Entries taken from a collection:
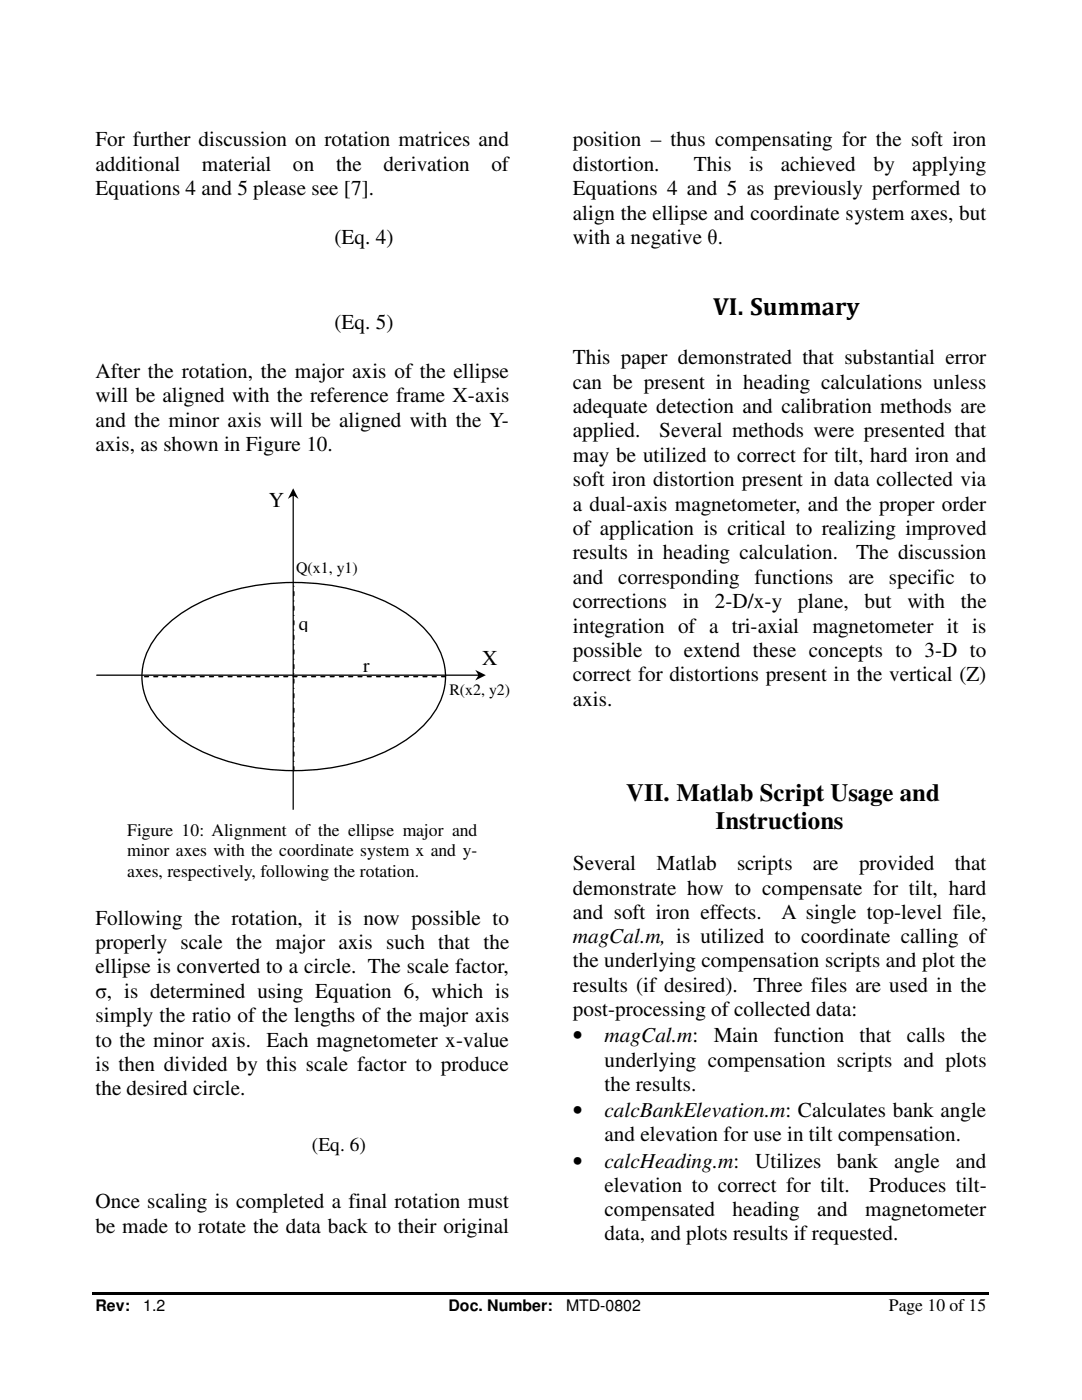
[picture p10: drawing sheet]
<svg xmlns="http://www.w3.org/2000/svg" width="216mm" height="279mm" viewBox="0 0 216 279" stroke-linecap="round" stroke-linejoin="round" font-family="sans-serif">
<defs><g id="words">
<g font-size="5">
<text x="142.3" y="62.9">VI. Summary</text>
<text x="125" y="159.8">VII. Matlab Script Usage and</text>
<text x="142.8" y="165.5">Instructions</text>
</g>
<g font-size="4.2">
<text x="19" y="29.2">For further discussion on rotation matrices and</text>
<text x="114.3" y="29.2">position – thus compensating for the soft iron</text>
<text x="19" y="34.1">additional</text>
<text x="40.3" y="34.1">material</text>
<text x="58.5" y="34.1">on</text>
<text x="67.1" y="34.1">the</text>
<text x="76.5" y="34.1">derivation</text>
<text x="98" y="34.1">of</text>
<text x="114.3" y="34.1">distortion.</text>
<text x="138.5" y="34.1">This</text>
<text x="149.5" y="34.1">is</text>
<text x="155.8" y="34.1">achieved</text>
<text x="174.3" y="34.1">by</text>
<text x="182" y="34.1">applying</text>
<text x="19" y="38.9">Equations 4 and 5 please see [7].</text>
<text x="114.3" y="38.9">Equations 4 and 5 as previously performed to</text>
<text x="114.3" y="43.8">align the ellipse and coordinate system axes, but</text>
<text x="66.8" y="48.7">(Eq. 4)</text>
<text x="114.3" y="48.7">with a negative θ.</text>
<text x="66.8" y="65.7">(Eq. 5)</text>
<text x="19" y="75.4">After the rotation, the major axis of the ellipse</text>
<text x="114.3" y="72.7">This paper demonstrated that substantial error</text>
<text x="114.3" y="77.6">can be present in heading calculations unless</text>
<text x="19" y="80.3">will be aligned with the reference frame X-axis</text>
<text x="114.3" y="82.4">adequate detection and calibration methods are</text>
<text x="19" y="85.2">and the minor axis will be aligned with the Y-</text>
<text x="114.3" y="87.3">applied.</text>
<text x="131.5" y="87.3">Several methods were presented that</text>
<text x="19" y="90">axis, as shown in Figure 10.</text>
<text x="114.3" y="92.2">may be utilized to correct for tilt, hard iron and</text>
<text x="53.6" y="101.2">Y</text>
<text x="114.3" y="97">soft iron distortion present in data collected via</text>
<text x="114.3" y="101.9">a dual-axis magnetometer, and the proper order</text>
<text x="114.3" y="106.8">of application is critical to realizing improved</text>
<text x="114.3" y="111.6">results in heading calculation.</text>
<text x="170.8" y="111.6">The discussion</text>
<text x="114.3" y="116.5">and</text>
<text x="123.4" y="116.5">corresponding functions</text>
<text x="169.3" y="116.5">are specific to</text>
<text x="114.3" y="121.4">corrections</text>
<text x="136.2" y="121.4">in</text>
<text x="142.7" y="121.4">2-D/x-y</text>
<text x="159.2" y="121.4">plane,</text>
<text x="172.5" y="121.4">but</text>
<text x="181.1" y="121.4">with</text>
<text x="191.7" y="121.4">the</text>
<text x="114.3" y="126.2">integration of a tri-axial magnetometer it is</text>
<text x="114.3" y="131.1">possible to extend these concepts to 3-D to</text>
<text x="96.2" y="132.7">X</text>
<text x="114.3" y="136">correct for distortions present in the vertical (Z)</text>
<text x="114.3" y="140.8">axis.</text>
<text x="114.3" y="173.7">Several</text>
<text x="131" y="173.7">Matlab</text>
<text x="147.1" y="173.7">scripts</text>
<text x="162.2" y="173.7">are</text>
<text x="171.4" y="173.7">provided</text>
<text x="190.5" y="173.7">that</text>
<text x="114.3" y="178.5">demonstrate how to compensate for tilt, hard</text>
<text x="19" y="184.5">Following the rotation, it is now possible to</text>
<text x="114.3" y="183.4">and soft iron effects.</text>
<text x="156" y="183.4">A single top-level file,</text>
<text x="19" y="189.4">properly scale the major axis such that the</text>
<text x="114.3" y="188.3">magCal.m, is utilized to coordinate calling of</text>
<text x="19" y="194.3">ellipse is converted to a circle. The scale factor,</text>
<text x="114.3" y="193.1">the underlying compensation scripts and plot the</text>
<text x="114.3" y="198">results (if desired).</text>
<text x="150.3" y="198">Three files are used in the</text>
<text x="19" y="199.1">σ, is determined using Equation 6, which is</text>
<text x="114.3" y="202.8">post-processing of collected data:</text>
<text x="19" y="204">simply the ratio of the lengths of the major axis</text>
<text x="19" y="208.9">to the minor axis.</text>
<text x="53.2" y="208.9">Each magnetometer x-value</text>
<text x="114.3" y="208">•</text>
<text x="120.6" y="208">magCal.m:</text>
<text x="142.4" y="208">Main</text>
<text x="154.4" y="208">function</text>
<text x="171.5" y="208">that</text>
<text x="180.9" y="208">calls</text>
<text x="191.7" y="208">the</text>
<text x="19" y="213.7">is then divided by this scale factor to produce</text>
<text x="120.6" y="212.9">underlying compensation scripts and plots</text>
<text x="19" y="218.6">the desired circle.</text>
<text x="120.6" y="217.8">the results.</text>
<text x="114.3" y="223">•</text>
<text x="120.6" y="223">calcBankElevation.m: Calculates bank angle</text>
<text x="120.6" y="227.8">and elevation for use in tilt compensation.</text>
<text x="114.3" y="233">•</text>
<text x="120.6" y="233">calcHeading.m:</text>
<text x="150.7" y="233">Utilizes</text>
<text x="167" y="233">bank</text>
<text x="178.4" y="233">angle</text>
<text x="190.7" y="233">and</text>
<text x="120.6" y="237.8">elevation to correct for tilt.</text>
<text x="173.4" y="237.8">Produces tilt-</text>
<text x="19" y="241.1">Once scaling is completed a final rotation must</text>
<text x="19" y="246">be made to rotate the data back to their original</text>
<text x="120.6" y="242.7">compensated</text>
<text x="146.2" y="242.7">heading</text>
<text x="163.1" y="242.7">and</text>
<text x="172.6" y="242.7">magnetometer</text>
<text x="120.6" y="247.6">data, and plots results if requested.</text>
</g>
<g font-size="3.9">
<text x="59.6" y="125.6">q</text>
<text x="72.5" y="134.1">r</text>
<text x="62.2" y="229.8">(Eq. 6)</text>
</g>
<g font-size="3.5">
<text x="25.4" y="166.9">Figure 10: Alignment of the ellipse major and</text>
<text x="25.4" y="170.9">minor axes with the coordinate system x and y-</text>
<text x="25.4" y="175">axes, respectively, following the rotation.</text>
<text x="177.3" y="261.6">Page 10 of 15</text>
</g>
<g font-size="3.2">
<text x="59.1" y="114.4">Q(x1, y1)</text>
<text x="89.7" y="138.7">R(x2, y2)</text>
<text x="19" y="261.6">Rev:</text>
<text x="28.6" y="261.6">1.2</text>
<text x="89.5" y="261.6">Doc. Number:</text>
<text x="112.9" y="261.6">MTD-0802</text>
</g>
</g></defs>
<path d="M18.5 257.9h178.9v.5h-178.9z" fill="#000"/>
<path d="M32.9 125.1a33.5 33.5 0 0 1 18.5-8.3 44.8 44.8 0 0 1 26.9 4 20.1 20.1 0 0 1 9.7 9.7 12.6 12.6 0 0 1-2.5 13.2 30.6 30.6 0 0 1-17.3 9.1 45.6 45.6 0 0 1-29.3-3.5 20.2 20.2 0 0 1-9.7-9.7 12.6 12.6 0 0 1 2.5-13.2z" fill-rule="evenodd" fill="#fff"/>
<path d="M32.9 125.1a33.5 33.5 0 0 1 18.5-8.3 44.8 44.8 0 0 1 26.9 4 20.1 20.1 0 0 1 9.7 9.7 12.6 12.6 0 0 1-2.5 13.2 30.6 30.6 0 0 1-17.3 9.1 45.6 45.6 0 0 1-29.3-3.5 20.2 20.2 0 0 1-9.7-9.7 12.6 12.6 0 0 1 2.5-13.2z" fill="none" stroke="#000" stroke-width=".26"/>
<g fill="#000">
<path d="M19.2 134.7l76.3-.1 .1 .1v.2h-76.3zM94.8 133.7l2.1 1-2.1 1.1 .7-1.1z"/>
<path d="M58.4 98.8h.2v62.7l-.1 .1h-.1zM58.5 97.5l1.1 2.1-1.1-.8-1.1 .8z"/>
</g>
<path d="M88.9 135h-60.6" fill="none" stroke="#000" stroke-width=".26" stroke-dasharray=".8 1.1"/>
<path d="M58.6 153.8v-37.6" fill="none" stroke="#000" stroke-width=".26" stroke-dasharray=".8 1.1 0 1.1"/>
<use href="#words"/>
</svg>

**WHAT YOU WILL DO:** Your task for the entries above: copy exactly the span starting with the line with "with the Y-</text>" and going on through the line with "in Figure 10.</text>", both lines included, and nothing else.

**ANSWER SECTION:**
<text x="19" y="85.2">and the minor axis will be aligned with the Y-</text>
<text x="114.3" y="87.3">applied.</text>
<text x="131.5" y="87.3">Several methods were presented that</text>
<text x="19" y="90">axis, as shown in Figure 10.</text>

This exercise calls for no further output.